Many of the entrepreneurs Hudson was meeting and excited about were pre-seed. They had little to no traction and only needed $500,000 to $1 million to get started, yet they were working on big problems that he found interesting.

Unfortunately, since Hudson had to pass on the pre-seed entrepreneurs to look for companies that were further along, he didn’t know of a trusted place to send them to get the funding they needed to scale their businesses. In his mind, this presented an opportunity.

What if he created his own fund that invested in the very entrepreneurs he had to pass on at Uncork Capital?

As he explained it: “If I like the work, and everyone else has migrated away from it, maybe I should be doing the work.”

After a year of contemplating the idea, Hudson decided to take the plunge.

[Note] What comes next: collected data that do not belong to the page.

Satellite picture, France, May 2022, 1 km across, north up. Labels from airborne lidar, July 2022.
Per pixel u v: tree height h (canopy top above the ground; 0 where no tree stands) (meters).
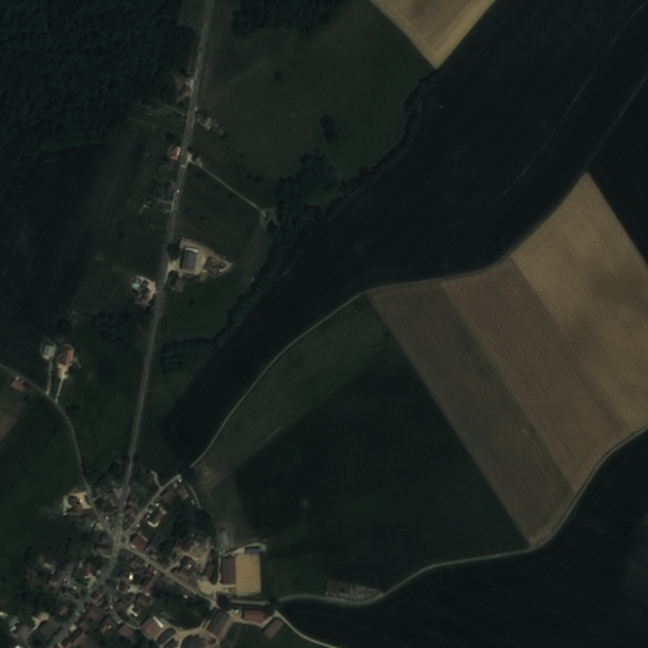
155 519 0
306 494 0
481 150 0
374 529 0
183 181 0
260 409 0
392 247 0
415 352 0
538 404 0
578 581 0
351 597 0
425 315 0
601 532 0
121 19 26
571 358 0
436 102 0
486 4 0
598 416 0
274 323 0
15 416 0
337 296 0
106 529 0
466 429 0
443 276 0
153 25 20
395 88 0
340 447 0
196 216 0
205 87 0
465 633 0
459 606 0
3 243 0
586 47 0
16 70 27
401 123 0
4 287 0
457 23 0
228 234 0
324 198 0
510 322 0
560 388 0
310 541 0
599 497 0
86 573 0
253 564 0
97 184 0
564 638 0
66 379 0
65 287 0
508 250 0
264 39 0
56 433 9
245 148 0
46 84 24
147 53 24
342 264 0
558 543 0
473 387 0
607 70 0
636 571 0
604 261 0
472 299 0
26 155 24
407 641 0
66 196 0
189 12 0
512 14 0
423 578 0
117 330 25
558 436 0
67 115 29
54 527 0
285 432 0
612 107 0
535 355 0
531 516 0
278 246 16
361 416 0
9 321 0
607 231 0
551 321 0
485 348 0
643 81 0
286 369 0
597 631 0
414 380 0
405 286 0
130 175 0
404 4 0
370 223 0
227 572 0
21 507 0
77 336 0
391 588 0
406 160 0
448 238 0
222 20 0
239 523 0
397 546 0
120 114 25
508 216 0
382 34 0
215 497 0
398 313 0
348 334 0
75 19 18
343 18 0
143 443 0
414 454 0
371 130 0
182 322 0
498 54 0
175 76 0
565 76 0
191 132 0
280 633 0
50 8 25
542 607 0
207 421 0
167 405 0
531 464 0
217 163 0
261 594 0
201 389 0
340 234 0
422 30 0
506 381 0
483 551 0
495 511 0
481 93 0
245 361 0
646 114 0
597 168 0
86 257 0
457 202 0
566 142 0
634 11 0
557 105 0
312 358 0
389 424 0
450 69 0
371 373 0
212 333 0
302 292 0
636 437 0
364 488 0
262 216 0
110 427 0
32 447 0
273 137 0
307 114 0
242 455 0
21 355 0
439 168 0
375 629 0
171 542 6
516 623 0
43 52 23
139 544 0
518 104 0
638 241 0
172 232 0
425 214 0
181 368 14
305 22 20
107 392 0
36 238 0
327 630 0
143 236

In 2015, leveraging everything he had learned over the years, Hudson founded Precursor Ventures with a premise that all entrepreneurs, regardless of background, benefit from having an investor help them scale and grow their company from the very beginning.

To date, the venture capital firm has invested in 200 companies over 340 founders in industries such as consumer tech, education, and fintech.

Keep Moving

Martin Luther King Jr. once said, “If you can’t fly, then run. If you can’t run, then walk. If you can’t walk, then crawl. But by all means, keep moving.”

Throughout his journey, Hudson’s knack for taking calculated risks ended up either giving him valuable experience or unlocking new opportunities–many times both.

His propensity to try new things was instrumental in guiding him to a path that matched his skill set and eagerness to make an impact by helping ambitious entrepreneurs from day one of their own journeys.

What Hudson’s story illustrates is that the old saying is true, success is never a straight line.